● **Brief**
Extract the line that contains "List each element's" and every line after it through the end of the records below, exactly as written, leaving out any pictures.

Collected data
++++++++++++++++++++
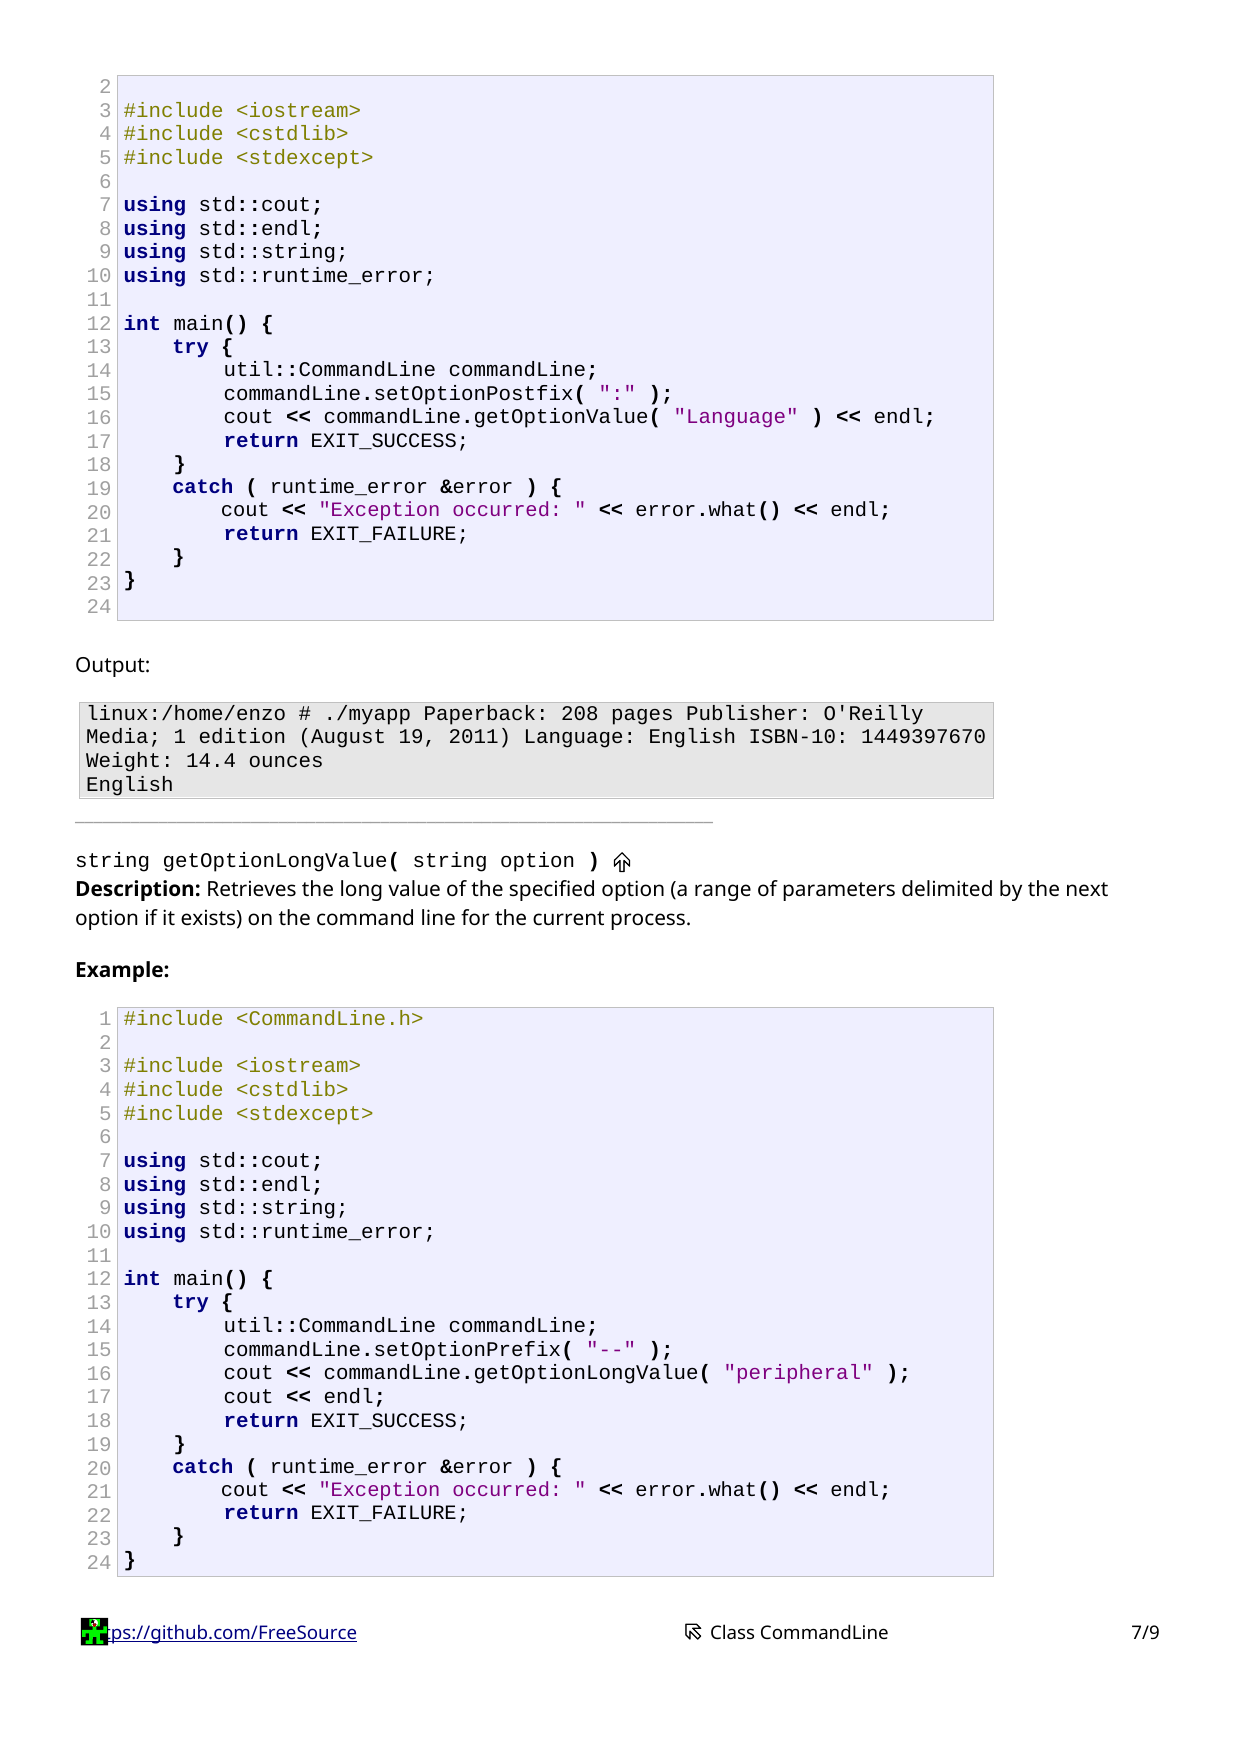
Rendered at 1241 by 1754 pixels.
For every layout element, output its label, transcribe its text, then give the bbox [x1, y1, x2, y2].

text _____________________________________________________________________ [75, 798, 1165, 827]
table_header linux:/home/enzo # ./myapp Paperback: 208 pages Publisher: O'Reilly Media; 1 edition (August 19, 2011) Language: English ISBN-10: 1449397670 Weight: 14.4 ounces English [80, 703, 993, 797]
table_header #include <iostream> #include <cstdlib> #include <stdexcept> using std::cout; using std::endl; using std::string; using std::runtime_error; int main() { try { util::CommandLine commandLine; commandLine.setOptionPostfix( ":" ); cout << commandLine.getOptionValue( "Language" ) << endl; return EXIT_SUCCESS; } catch ( runtime_error &error ) { cout << "Exception occurred: " << error.what() << endl; return EXIT_FAILURE; } } [118, 76, 993, 620]
text Output: [75, 650, 1165, 678]
text string getOptionLongValue( string option )  Description: Retrieves the long value of the specified option (a range of parameters delimited by the next option if it exists) on the command line for the current process. [75, 827, 1165, 931]
table_header 1 2 3 4 5 6 7 8 9 10 11 12 13 14 15 16 17 18 19 20 21 22 23 24 [80, 1007, 117, 1576]
table_header #include <CommandLine.h> #include <iostream> #include <cstdlib> #include <stdexcept> using std::cout; using std::endl; using std::string; using std::runtime_error; int main() { try { util::CommandLine commandLine; commandLine.setOptionPrefix( "--" ); cout << commandLine.getOptionLongValue( "peripheral" ); cout << endl; return EXIT_SUCCESS; } catch ( runtime_error &error ) { cout << "Exception occurred: " << error.what() << endl; return EXIT_FAILURE; } } [118, 1008, 993, 1576]
table_header 2 3 4 5 6 7 8 9 10 11 12 13 14 15 16 17 18 19 20 21 22 23 24 [80, 75, 117, 620]
text Example: [75, 955, 1165, 1007]
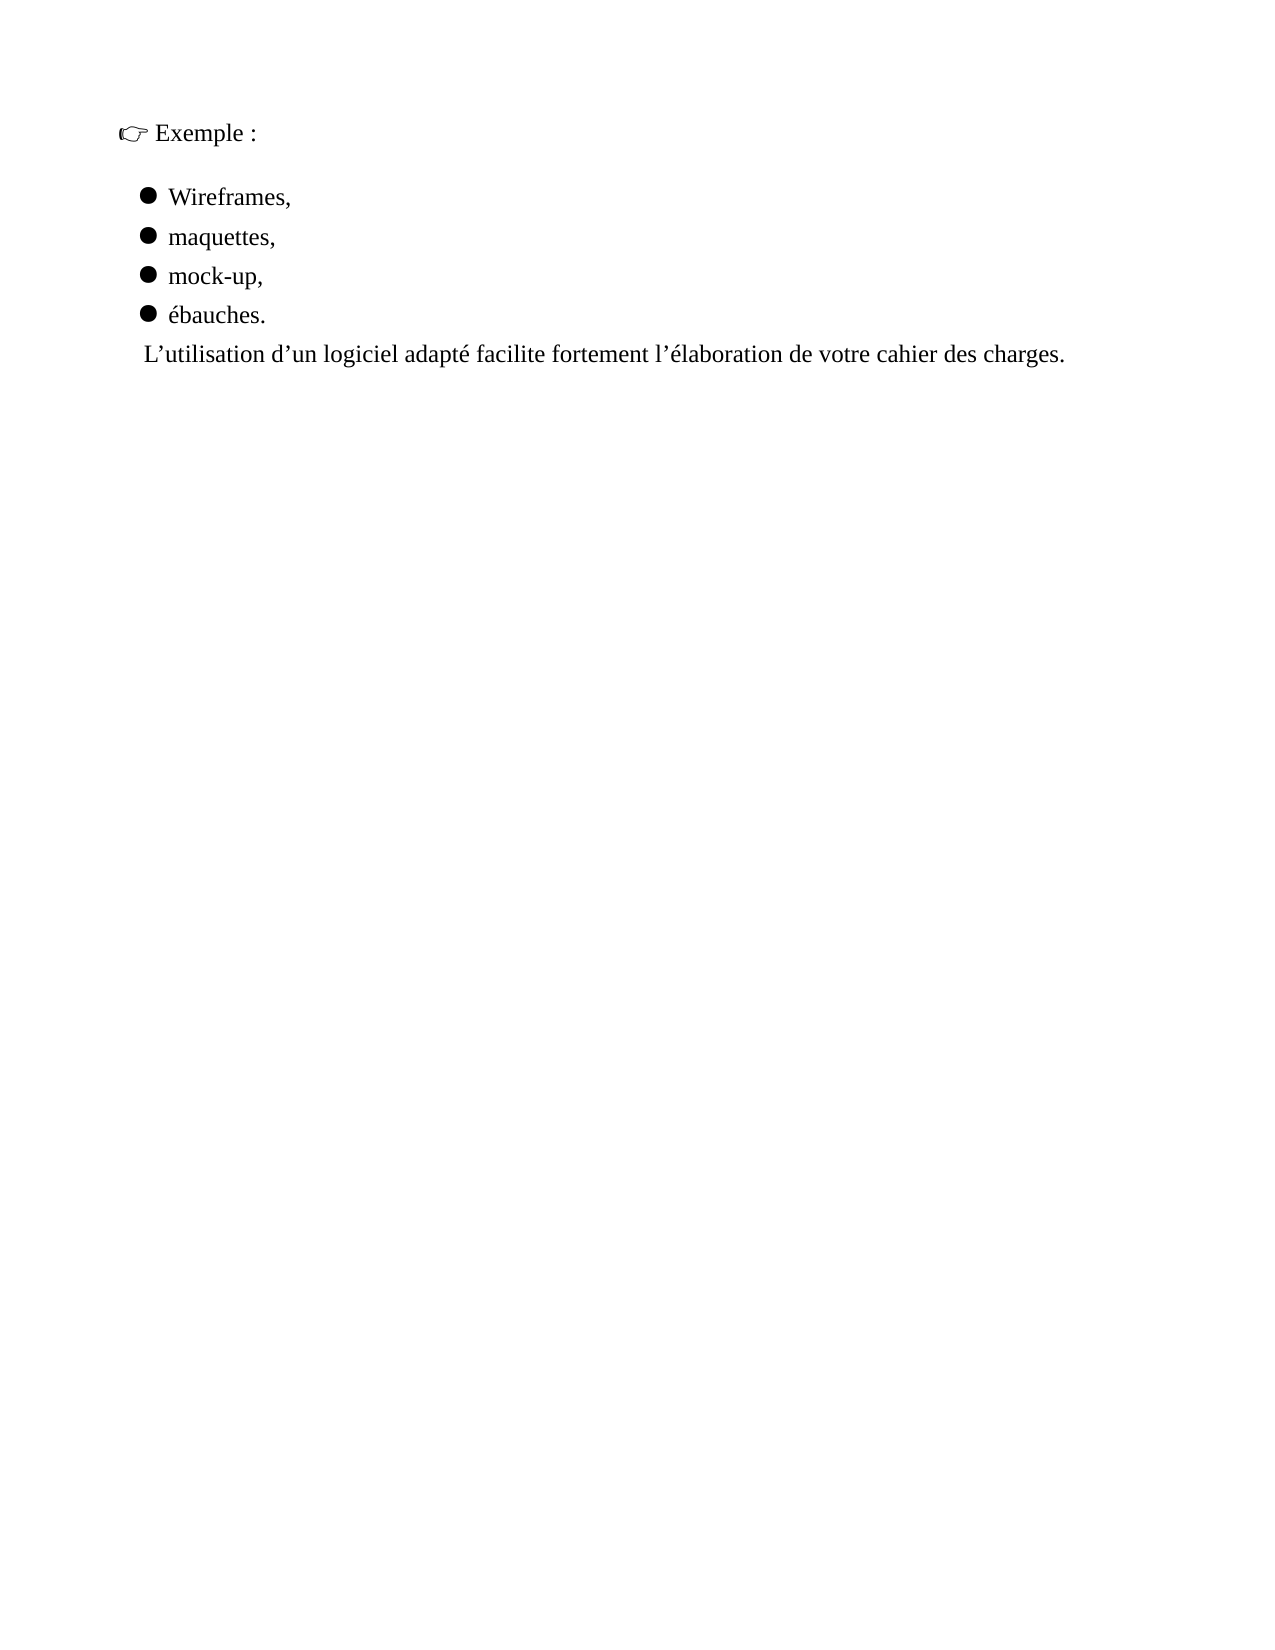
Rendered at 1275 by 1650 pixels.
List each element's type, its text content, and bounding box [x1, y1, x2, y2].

list maquettes, [139, 222, 1157, 250]
list Wireframes, [139, 182, 1157, 211]
list ébauches. [139, 300, 1157, 329]
text 💡 L’utilisation d’un logiciel adapté facilite fortement l’élaboration de votre cahier des charges. [118, 339, 1157, 368]
text 👉 Exemple : [118, 118, 1157, 147]
list mock-up, [139, 261, 1157, 290]
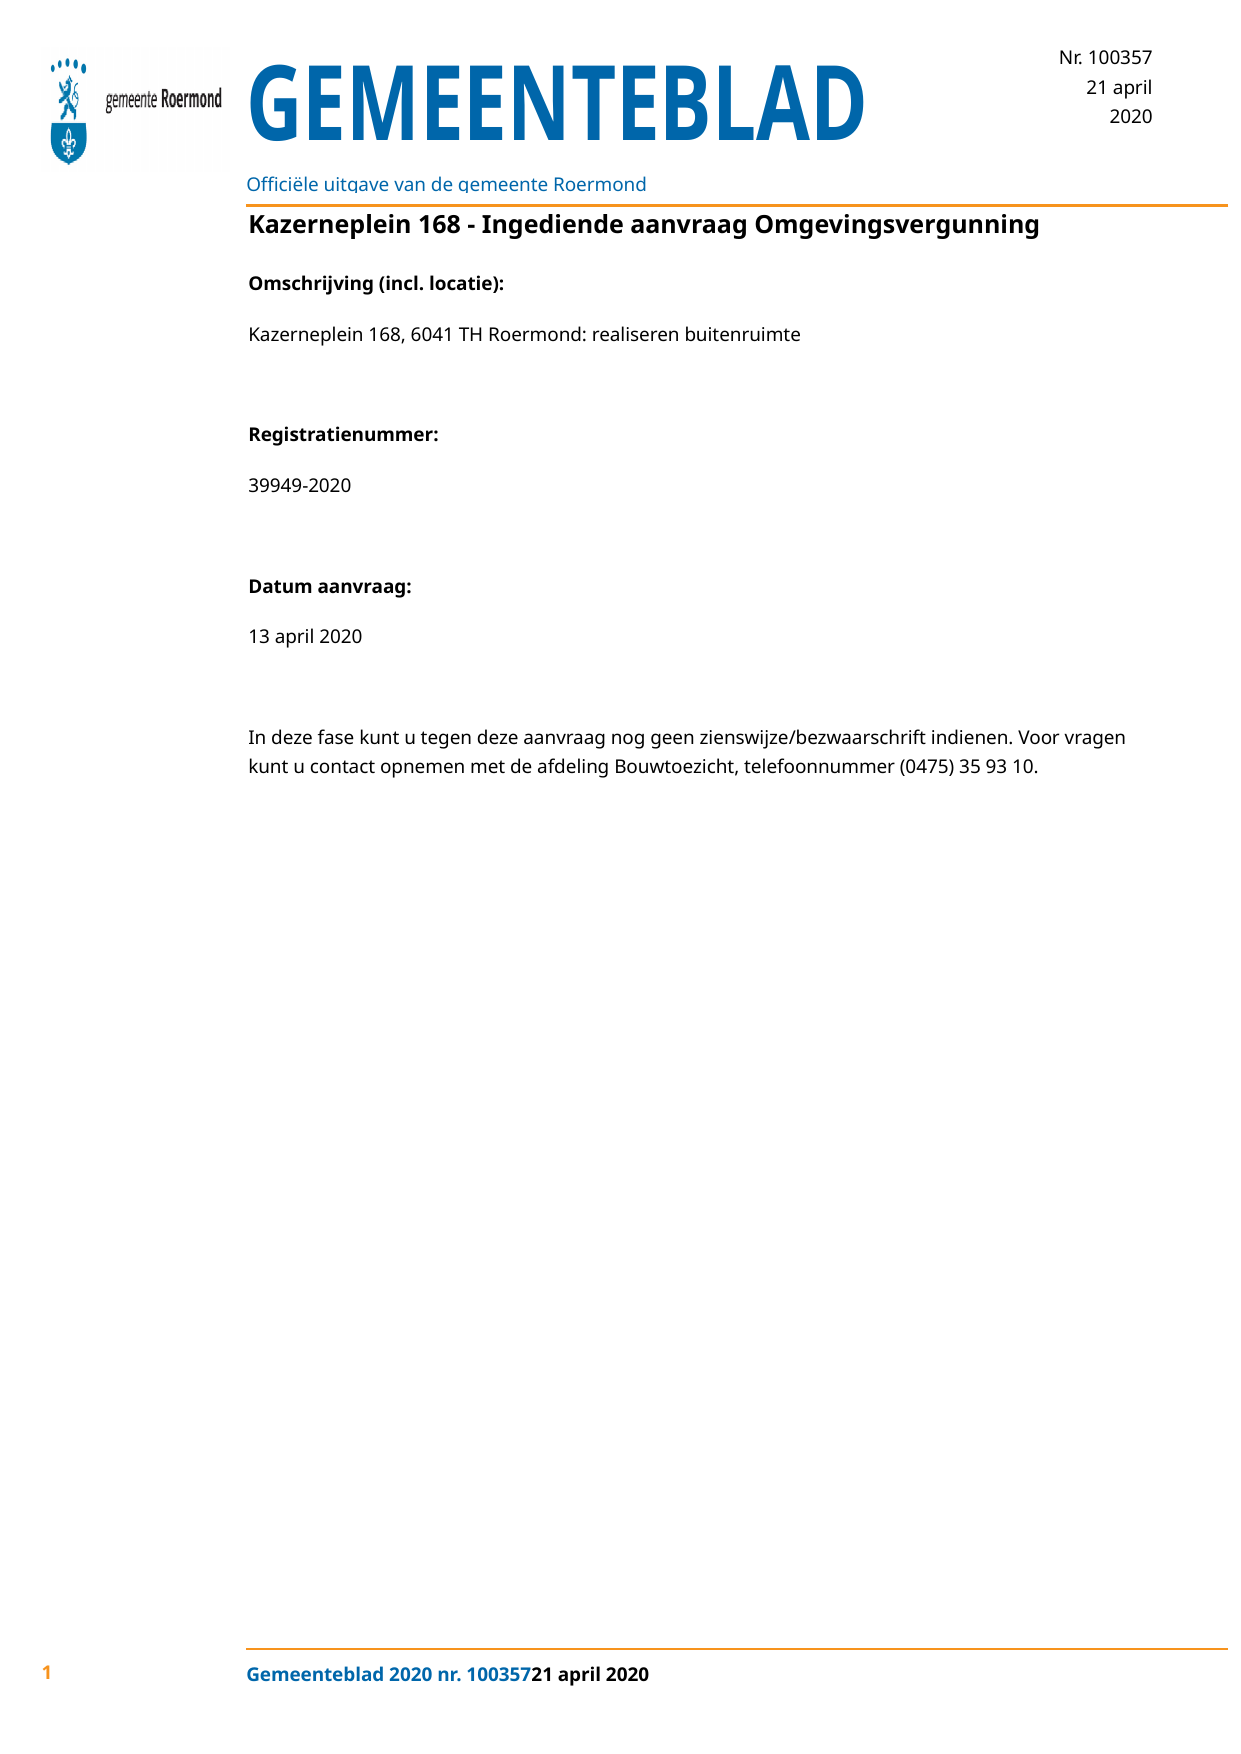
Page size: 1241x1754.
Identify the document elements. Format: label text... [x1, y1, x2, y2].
++++++++++++++++++++
● **Result of the exercise**
List each element's type, its text content, and bounding box [x1, y1, x2, y2].

list maquettes, [139, 222, 1157, 250]
list Wireframes, [139, 182, 1157, 211]
list ébauches. [139, 300, 1157, 329]
text 💡 L’utilisation d’un logiciel adapté facilite fortement l’élaboration de votre cahier des charges. [118, 339, 1157, 368]
text 👉 Exemple : [118, 118, 1157, 147]
list mock-up, [139, 261, 1157, 290]
Page size: 1241x1754.
Identify the document elements. Format: label text... [x1, y1, x2, y2].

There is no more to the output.